Objectives

Dataset Combined Till99 & Yaq98 Ferraro Benthic Macrofauna.xlsx from Christina Folger Folger.Christina@epa.gov.

Based on OBIS - Manual - Darwin Core, at a minimum we need to:

  1. Get latitude & longitude from UTM coordinates.
  2. Get WoRMS ID from taxonomic name.
  3. Create table with required DarwinCore columns.

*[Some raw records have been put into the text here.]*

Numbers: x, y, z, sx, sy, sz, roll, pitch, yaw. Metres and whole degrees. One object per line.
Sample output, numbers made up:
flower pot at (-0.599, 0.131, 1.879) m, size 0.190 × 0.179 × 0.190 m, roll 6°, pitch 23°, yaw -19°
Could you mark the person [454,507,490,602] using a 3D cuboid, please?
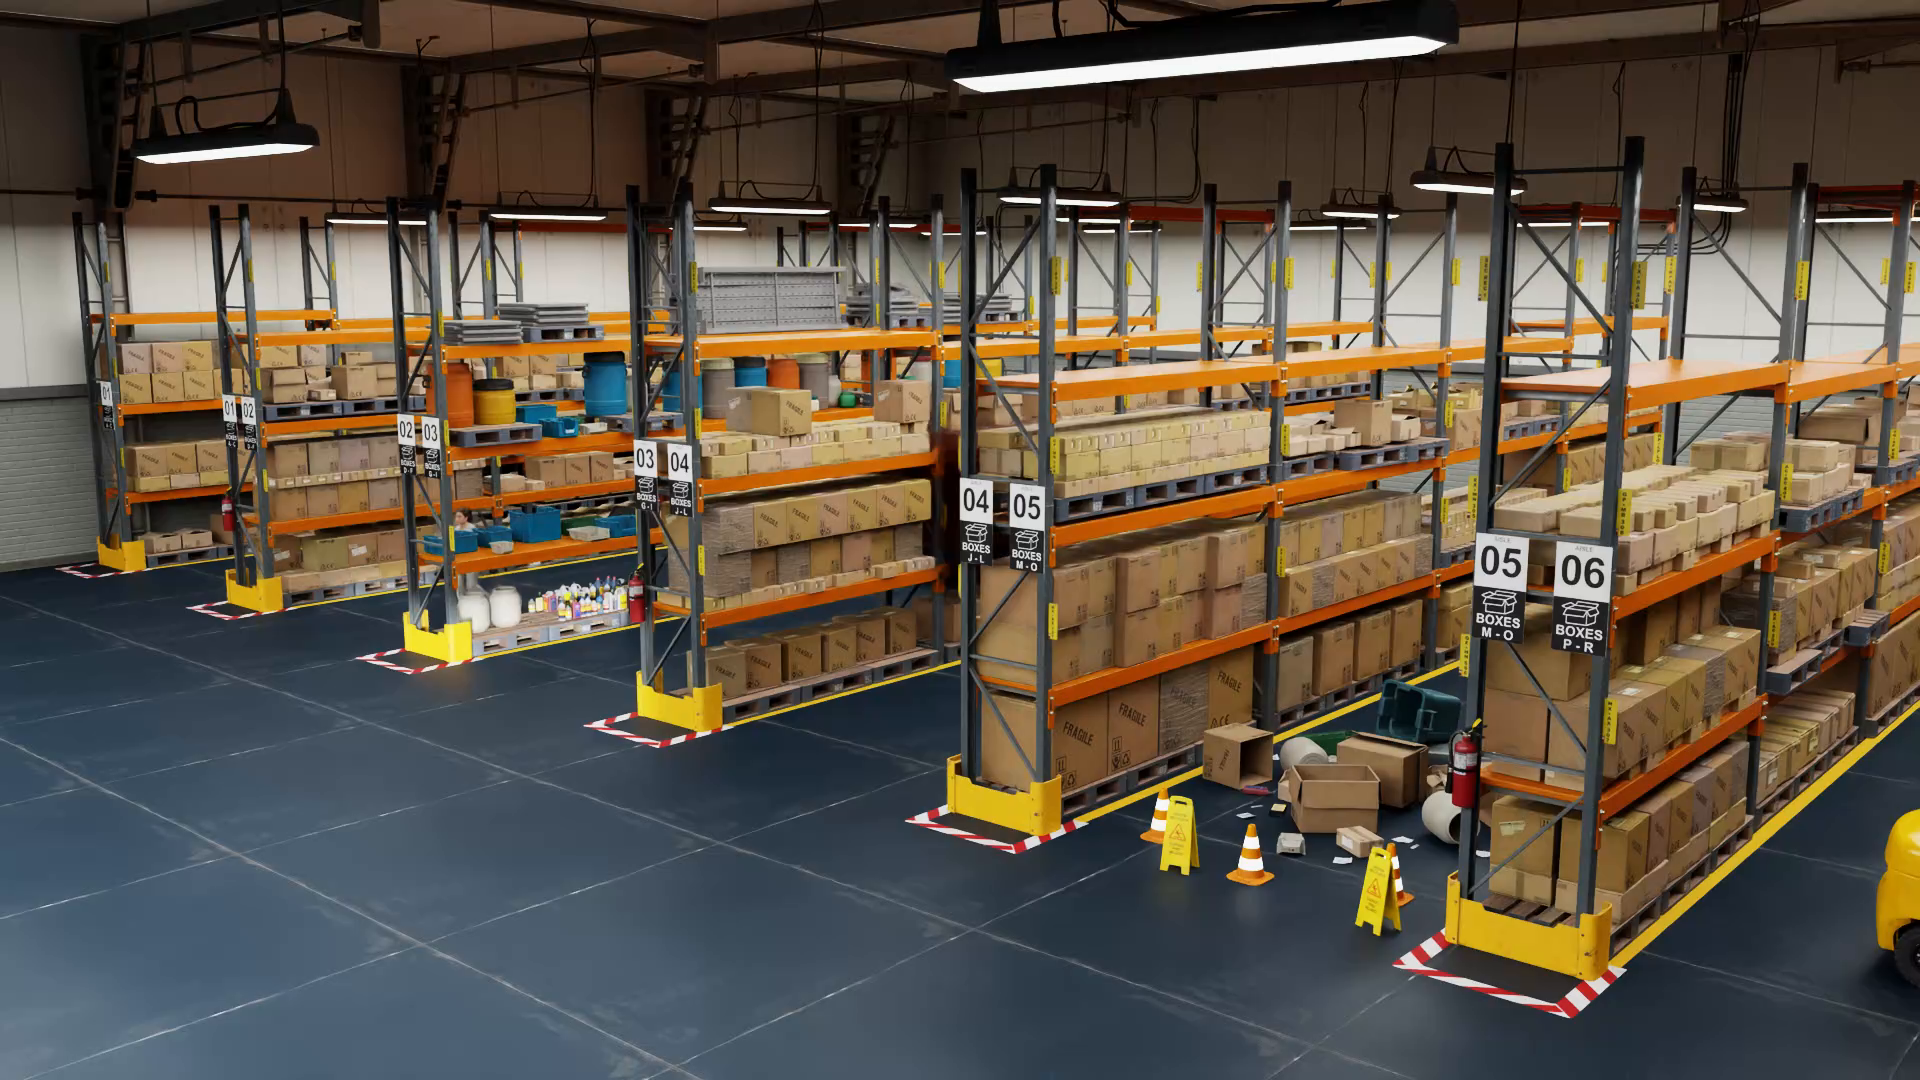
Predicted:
person at (-7.178, 0.321, 24.432) m, size 0.534 × 1.653 × 0.600 m, roll 5°, pitch 11°, yaw 29°

This document is an Rmarkdown HTML file, which knits chunks of R code with formatted text (in markdown format) to create a reproducible document using data:

You can “Hide” or expand “Code” by clicking the right side buttons, or “Hide All Code” / “Show All Code” by clicking the “Code” dropdown in the upper right.

You can download a zip of this repository, including the source Rmarkdown (index.Rmd) for this document (index.html) here:

# packages
library(tidyverse)
library(fs)
library(here)
library(readxl)
library(DT)
library(sf)
library(mapview)
library(taxize)
library(glue)

# paths
d_xlsx       <- "data/raw/Combined Till99 & Yaq98 Ferraro Benthic Macrofauna.xlsx"
stations_csv <- "data/stations.csv"
taxa_csv     <- "data/taxa.csv"
dwc_csv      <- "data/dwc.csv"

Read from Excel

d <- read_xlsx(
  d_xlsx, sheet = 1,
  # Expecting logical in L1299 / R1299C12: got 'Polychaeta'
  col_types = c(rep("guess", 11), "text", "guess", "guess"))

# class(d)
# summary(spp_station)
# View(spp_station)

datatable(d)

Show Stations on a Map

# search UTM 10N at spatialreference.org
stations <- d %>%
  group_by(StationID, State, Estuary, Habitat, Station, Northing, Easting) %>%
  summarize() %>%
  #  nest()
  st_as_sf(coords = c("Easting", "Northing"), crs = 32610) %>%
  st_transform(crs=4326) %>%
  mutate(
    lon = st_coordinates(geometry)[,"X"],
    lat = st_coordinates(geometry)[,"Y"])

write_csv(stations, stations_csv)

mapview(stations)

Match Species to WoRMS ID

# get_wormsid() is time consuming, so cache output
if (!file_exists(taxa_csv)){

  taxa <- d %>%
    group_by(GenusSpecies) %>%
    summarize() %>%
    #mutate(
    #  wormsid  = get_wormsid(GenusSpecies))
    mutate(
      query = str_replace(GenusSpecies, " sp", "")) %>%
    mutate(
      wormsid  = get_wormsid(GenusSpecies, ask = FALSE))  
  
  write_csv(taxa, taxa_csv)
} else {
  taxa <- read_csv(taxa_csv, col_type = cols())
}

#taxa$wormsid <- get_wormsid(taxa$GenusSpecies)
#taxa$wormsid <- get_wormsid(taxa$query)
#taxa$wormsid <- get_wormsid(taxa$query, ask = FALSE)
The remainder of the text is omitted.